Namun, pada 5–15% kasus, hematuria bersifat mikroskopis. Kebanyakan pasien dengan ruptur kandung kemih mengeluhkan nyeri suprapubik atau perut bawah, tetapi banyak yang masih bisa berkemih. Kemampuan untuk buang air kecil belum dapat menyingkirkan kemungkinan ruptur vesika.[3,7]
Pemeriksaan Fisik
Pemeriksaan fisik dapat dimulai dengan tanda vital dan dilanjutkan dengan pemeriksaan abdomen. Pada inspeksi abdomen mungkin terdapat hematoma dan distensi suprapubik, perhatikan pula jika ada luka tusuk. Pada palpasi didapatkan distensi, guarding, atau rebound tenderness.
Tidak adanya bising usus dan tanda-tanda iritasi peritoneal menunjukkan kemungkinan ruptur vesika intraperitoneal. Pemeriksaan rektal harus dilakukan untuk menyingkirkan cedera rektal, dan pada pria, untuk mengevaluasi lokasi prostat. Jika prostat ditemukan "high riding" atau meninggi, gangguan uretra proksimal harus dicurigai.
Dalam keadaan tabrakan kendaraan bermotor atau crush injury, palpasi bilateral dari tulang panggul dapat menunjukkan kelemahan atau mobilitas yang abnormal, yang menunjukkan adanya fraktur open book atau gangguan pada korset panggul.

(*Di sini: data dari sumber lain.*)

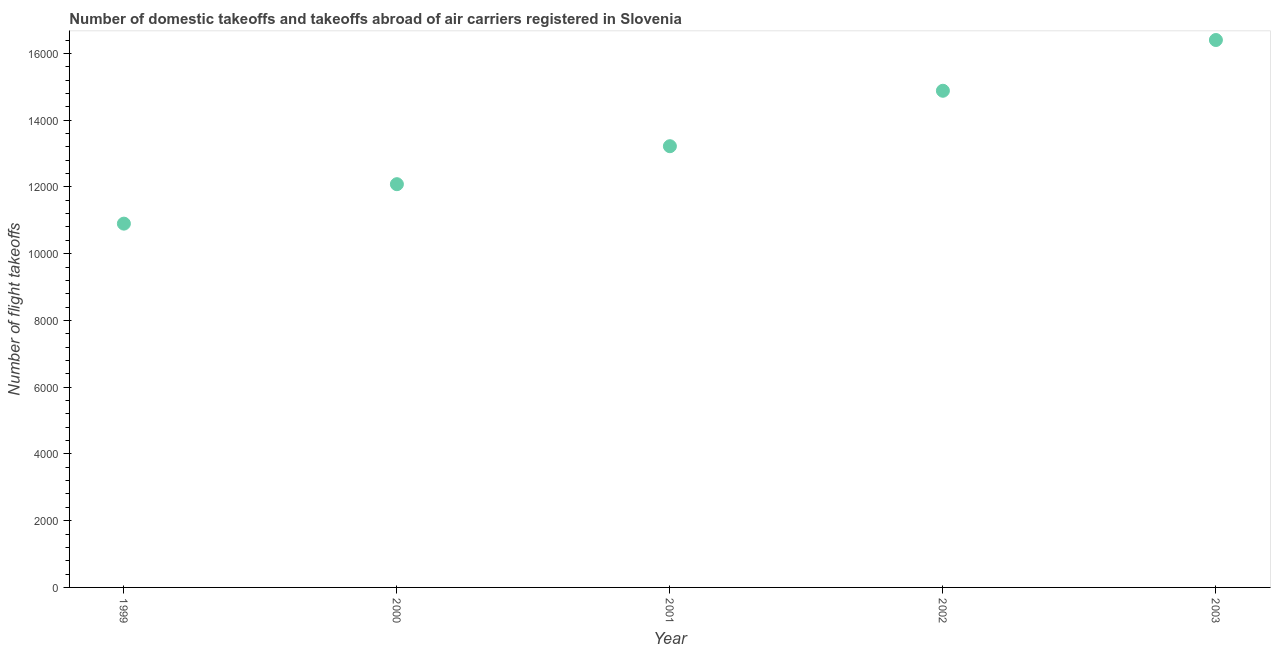What is the number of flight takeoffs in 2000?
Make the answer very short. 1.21e+04. Across all years, what is the maximum number of flight takeoffs?
Provide a short and direct response. 1.64e+04. Across all years, what is the minimum number of flight takeoffs?
Ensure brevity in your answer.  1.09e+04. In which year was the number of flight takeoffs minimum?
Make the answer very short. 1999. What is the sum of the number of flight takeoffs?
Provide a succinct answer. 6.75e+04. What is the difference between the number of flight takeoffs in 1999 and 2003?
Give a very brief answer. -5502. What is the average number of flight takeoffs per year?
Your answer should be compact. 1.35e+04. What is the median number of flight takeoffs?
Your response must be concise. 1.32e+04. What is the ratio of the number of flight takeoffs in 1999 to that in 2003?
Your answer should be very brief. 0.66. Is the number of flight takeoffs in 1999 less than that in 2002?
Ensure brevity in your answer.  Yes. What is the difference between the highest and the second highest number of flight takeoffs?
Ensure brevity in your answer.  1521. What is the difference between the highest and the lowest number of flight takeoffs?
Ensure brevity in your answer.  5502. Does the number of flight takeoffs monotonically increase over the years?
Ensure brevity in your answer.  Yes. How many dotlines are there?
Your answer should be very brief. 1. What is the difference between two consecutive major ticks on the Y-axis?
Keep it short and to the point. 2000. Does the graph contain any zero values?
Offer a very short reply. No. What is the title of the graph?
Offer a very short reply. Number of domestic takeoffs and takeoffs abroad of air carriers registered in Slovenia. What is the label or title of the Y-axis?
Offer a terse response. Number of flight takeoffs. What is the Number of flight takeoffs in 1999?
Ensure brevity in your answer.  1.09e+04. What is the Number of flight takeoffs in 2000?
Offer a very short reply. 1.21e+04. What is the Number of flight takeoffs in 2001?
Keep it short and to the point. 1.32e+04. What is the Number of flight takeoffs in 2002?
Provide a succinct answer. 1.49e+04. What is the Number of flight takeoffs in 2003?
Make the answer very short. 1.64e+04. What is the difference between the Number of flight takeoffs in 1999 and 2000?
Your answer should be compact. -1182. What is the difference between the Number of flight takeoffs in 1999 and 2001?
Your response must be concise. -2320. What is the difference between the Number of flight takeoffs in 1999 and 2002?
Make the answer very short. -3981. What is the difference between the Number of flight takeoffs in 1999 and 2003?
Keep it short and to the point. -5502. What is the difference between the Number of flight takeoffs in 2000 and 2001?
Your answer should be very brief. -1138. What is the difference between the Number of flight takeoffs in 2000 and 2002?
Give a very brief answer. -2799. What is the difference between the Number of flight takeoffs in 2000 and 2003?
Ensure brevity in your answer.  -4320. What is the difference between the Number of flight takeoffs in 2001 and 2002?
Your response must be concise. -1661. What is the difference between the Number of flight takeoffs in 2001 and 2003?
Your answer should be compact. -3182. What is the difference between the Number of flight takeoffs in 2002 and 2003?
Your response must be concise. -1521. What is the ratio of the Number of flight takeoffs in 1999 to that in 2000?
Offer a terse response. 0.9. What is the ratio of the Number of flight takeoffs in 1999 to that in 2001?
Give a very brief answer. 0.82. What is the ratio of the Number of flight takeoffs in 1999 to that in 2002?
Provide a short and direct response. 0.73. What is the ratio of the Number of flight takeoffs in 1999 to that in 2003?
Give a very brief answer. 0.67. What is the ratio of the Number of flight takeoffs in 2000 to that in 2001?
Offer a terse response. 0.91. What is the ratio of the Number of flight takeoffs in 2000 to that in 2002?
Keep it short and to the point. 0.81. What is the ratio of the Number of flight takeoffs in 2000 to that in 2003?
Offer a terse response. 0.74. What is the ratio of the Number of flight takeoffs in 2001 to that in 2002?
Ensure brevity in your answer.  0.89. What is the ratio of the Number of flight takeoffs in 2001 to that in 2003?
Make the answer very short. 0.81. What is the ratio of the Number of flight takeoffs in 2002 to that in 2003?
Offer a terse response. 0.91. 
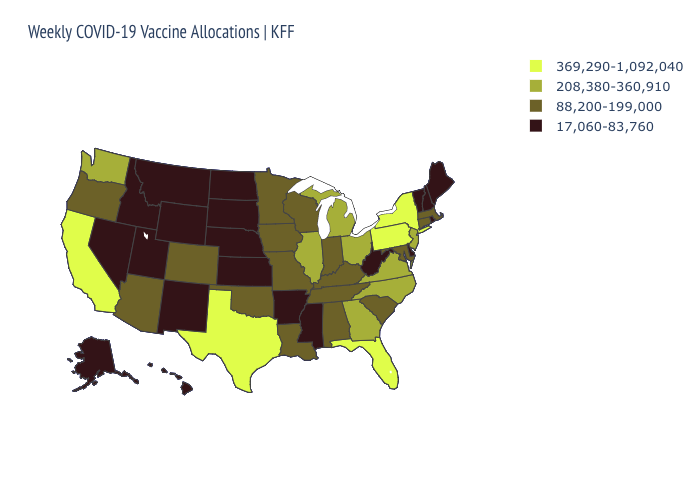Among the states that border Utah , which have the highest value?
Quick response, please. Arizona, Colorado. Does Kansas have the lowest value in the MidWest?
Concise answer only. Yes. Name the states that have a value in the range 88,200-199,000?
Keep it brief. Alabama, Arizona, Colorado, Connecticut, Indiana, Iowa, Kentucky, Louisiana, Maryland, Massachusetts, Minnesota, Missouri, Oklahoma, Oregon, South Carolina, Tennessee, Wisconsin. What is the lowest value in the USA?
Keep it brief. 17,060-83,760. Name the states that have a value in the range 88,200-199,000?
Quick response, please. Alabama, Arizona, Colorado, Connecticut, Indiana, Iowa, Kentucky, Louisiana, Maryland, Massachusetts, Minnesota, Missouri, Oklahoma, Oregon, South Carolina, Tennessee, Wisconsin. What is the value of Arkansas?
Answer briefly. 17,060-83,760. What is the value of Kentucky?
Short answer required. 88,200-199,000. Among the states that border Oklahoma , which have the highest value?
Answer briefly. Texas. Does the first symbol in the legend represent the smallest category?
Write a very short answer. No. What is the value of Oklahoma?
Keep it brief. 88,200-199,000. Does Minnesota have the lowest value in the USA?
Concise answer only. No. Does Missouri have the same value as Kentucky?
Be succinct. Yes. Name the states that have a value in the range 208,380-360,910?
Give a very brief answer. Georgia, Illinois, Michigan, New Jersey, North Carolina, Ohio, Virginia, Washington. Does California have the highest value in the USA?
Answer briefly. Yes. Which states hav the highest value in the Northeast?
Quick response, please. New York, Pennsylvania.

Jika ada darah di meatus uretra eksterna, patut dicurigai adanya cedera uretra.[3,7]
Diagnosis Banding
Diagnosis banding ruptur vesika adalah trauma pada traktus urinarius lainnya, seperti ginjal, ureter dan uretra. Trauma organ traktus urinarius dapat memberikan tanda dan gejala yang serupa, seperti hematuria (gross atau mikroskopik), nyeri perut bawah, dan kesulitan berkemih. Untuk menyingkirkan diagnosis banding, perlu dilakukan pemeriksaan penunjang.[7,11]
Pemeriksaan Penunjang
Pemeriksaan penunjang dapat berupa pemeriksaan laboratorium dan pemeriksaan radiologi, seperti sistografi dan computed tomography (CT).
Pemeriksaan Laboratorium
Dalam periode subakut, kadar kreatinin serum dapat membantu menegakkan diagnosis ruptur vesika. Dengan tidak adanya gagal ginjal akut dan obstruksi traktus urinarius, peningkatan kreatinin serum dapat menjadi indikasi kebocoran saluran kemih dengan reabsorpsi sistemik dari kreatinin yang diekskresikan.

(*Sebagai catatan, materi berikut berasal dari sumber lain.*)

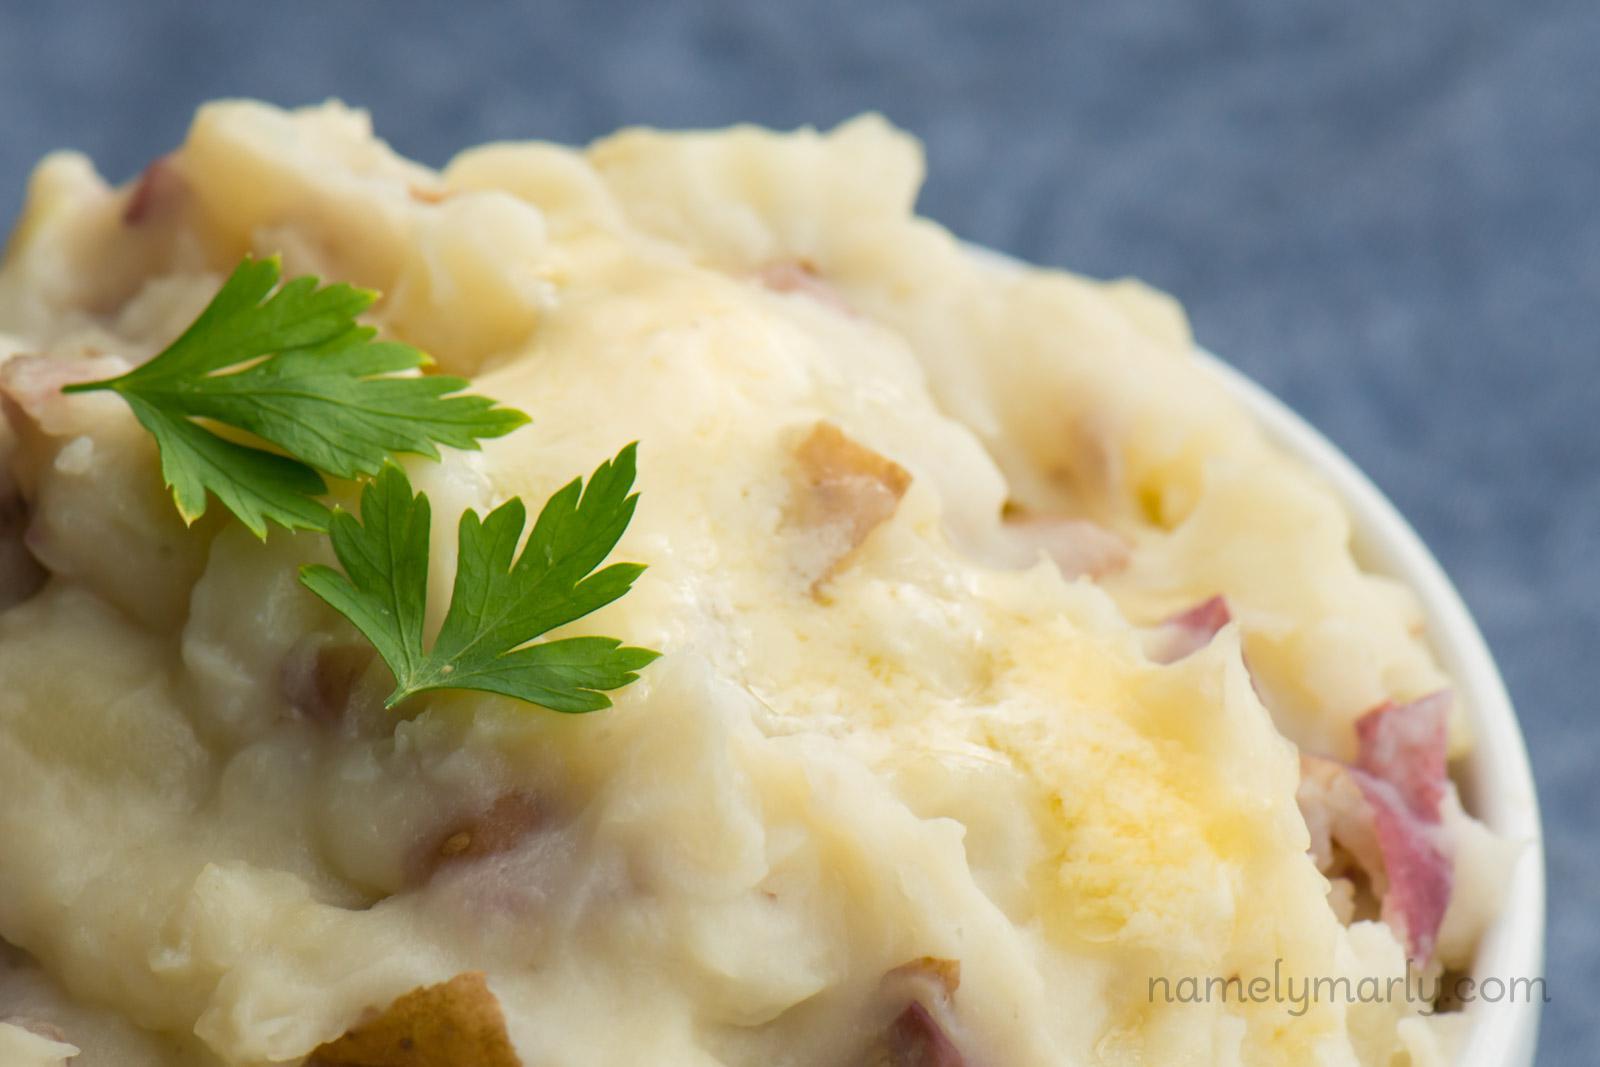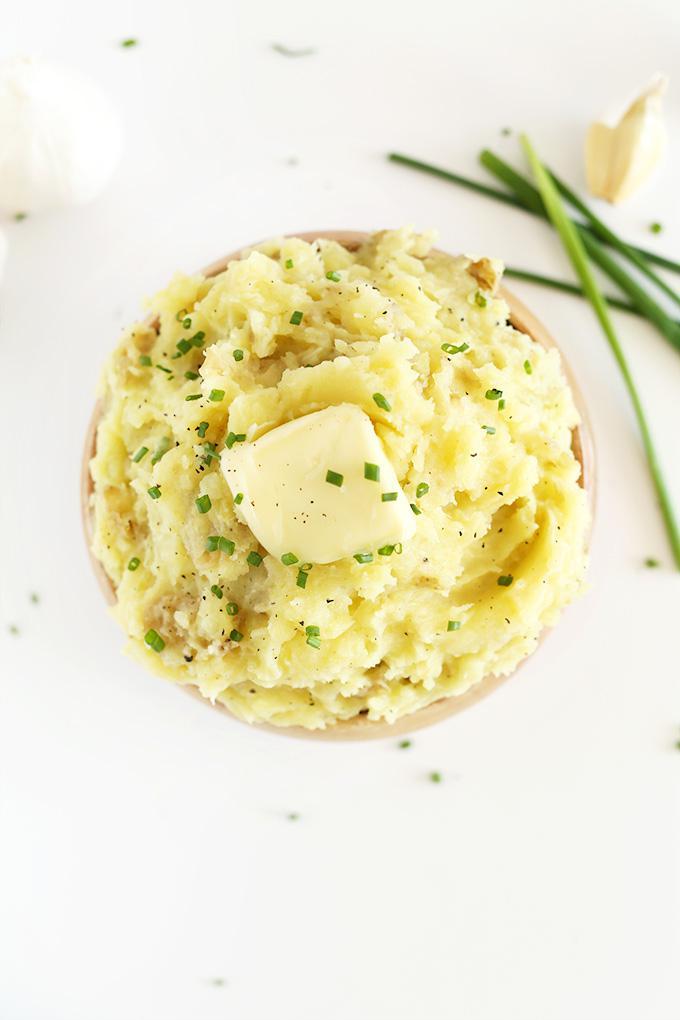The first image is the image on the left, the second image is the image on the right. Analyze the images presented: Is the assertion "One image shows mashed potatoes with chives served in a square white bowl." valid? Answer yes or no. No.

Namun, tingkat kreatinin saja tidak dapat menjadi parameter dan dibutuhkan pemeriksaan lebih lanjut bila ada kecurigaan ruptur vesika.[3] Pada pemeriksaan urinalisis akan memberikan hasil gross hematuria.[1]
Computed Tomography Imaging
Pemeriksaan CT adalah pemeriksaan pilihan pertama yang dilakukan pada pasien dengan trauma abdomen karena hasil yang cepat dan memungkinkan pemeriksa untuk mengenali struktur panggul lainnya.[1] Potongan cross sectional pelvis dapat memberikan informasi mengenai status organ pelvis dan struktur tulang.
Gambaran CT tanpa kekeruhan/ opacification vesika urinaria menandakan sentinel clot sign yang berbatasan dengan bladder dome yang menunjukkan cedera. Hasil ini memiliki sensibilitas sebesar 84%. Pemeriksaan CT, khususnya CT sistografi, juga telah menggantikan foto polos atau sistografi fluoroskopi sebagai alat yang paling sensitif untuk mengidentifikasi perforasi vesika.[6]
CT sistografi dilakukan dengan mengisi vesika urinaria dengan kontras melalui kateter uretra (setelah cedera uretra disingkirkan) dan melakukan CT scan abdominopelvis nonkontras untuk melihat ekstravasasi. Pencitraan dengan cara ini mampu mendeteksi perforasi halus dan sering kali dapat dengan jelas menentukan apakah kebocoran tersebut intraperitoneal atau ekstraperitoneal.[1,3]
Sistografi
Meskipun sebagian besar pasien trauma dengan ruptur vesika dapat mengalami beberapa cedera sekaligus dan modalitas CT merupakan pemeriksaan pertama untuk mengevaluasi trauma, terkadang hasil yang didapatkan masih inkonklusif. Pada kasus tersebut, dibutuhkan pemeriksaan sistografi.
Sistogram yang dilakukan dengan benar terdiri dari film ginjal-ureter-kandung kemih yang diikuti oleh gambaran dari sisi anteroposterior (AP) dan oblik dari vesika urinaria yang diisi dengan kontras serta film AP lain yang diperoleh setelah drainase kontras. Sistografi dapat dilakukan jika cedera uretra dapat disingkirkan dan kateter uretra dapat dipasang.[3] Sistografi dapat memberikan akurasi sebesar 85–100% jika dilakukan sesuai prosedur.[12]